Used the following in /etc/exports:
1. Mount NFS mount from Client:
sudo mount server:/nfs_export /nfs_mount
2. Start collecting tcpdump data on client and server.
3. Perform a simple dd to cause and NFS write (Using oflag=sync):
strace -o /tmp/strace.dd.joe.out dd if=/dev/zero of=/nfs_mount/syncfile bs=1k count=1 oflag=sync
4. Review tcpdump data and notice the client does not issue the "nfs_file_sync" write requests.
The oflag=sync causes the file to be opened with O_SYNC. Reading descriptions of this flag sounds like this should switch from the new UNSTABLE/COMMIT mode back to the FILE_SYNC mode. However looking at the code, it seems FILE_SYNC would only be used on retries or writeback writes for reclaim.
So the question here is: Is the assumption wrong or the implementation?
To add a little detail here: I slightly modified the test case to write out 100 blocks in sequence. The strace on both kernel versions (2.6.32 based and 2.6.38 based) only show read and writes (no fsync or sync). The tcpdump however shows, again in both cases, that every write (with UNSTABLE flag) is followed by a COMMIT.

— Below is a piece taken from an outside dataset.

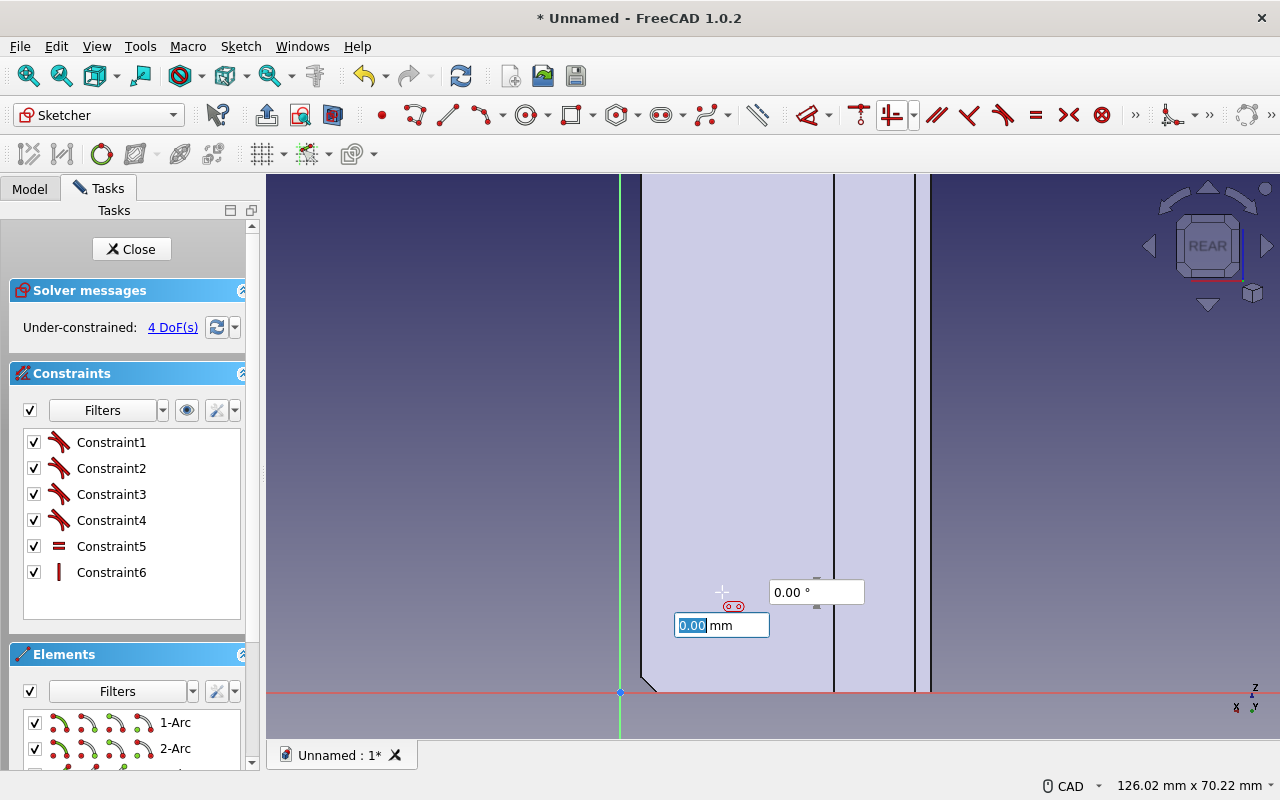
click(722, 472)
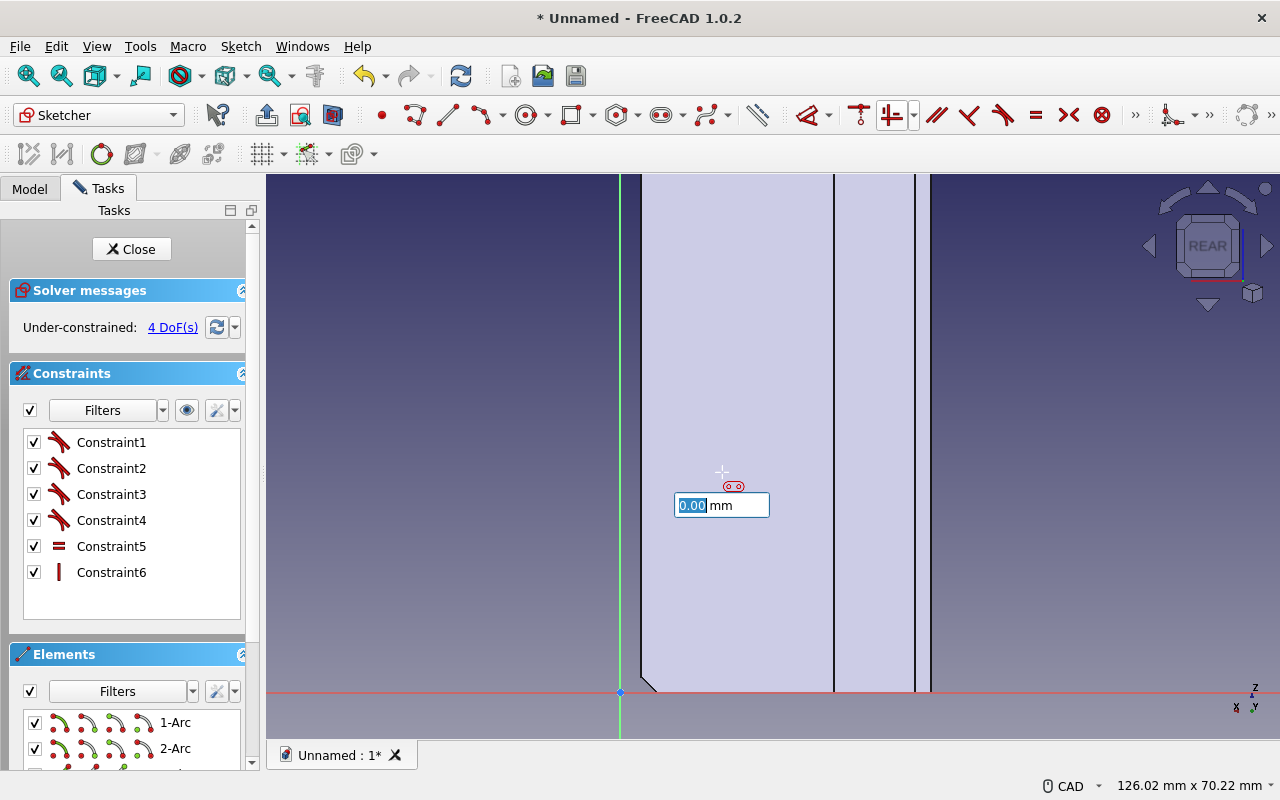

This sounds to me, that from a data integrity point of view, the result is the same as one would expect. That is every write is waited for before continuing with the next write.
The only downside I could see is that instead of using one write request with the FILE_SYNC flag, this requires two requests for each write which seems a bit of a waste. And it seems unexpected compared to the documentation of O_SYNC I found at
http://www.faqs.org/docs/Linux-HOWTO/NFS-HOWTO.html#MOUNTOPTIONS in section 5.9.
This should be fixed in the upstream kernel with commit
b31268ac793fd300da66b9c28bbf0a200339ab96 (FS: Use stable writes when not
doing a bulk flush).
Please reopen this bug if the above commit doesn't fix the problem.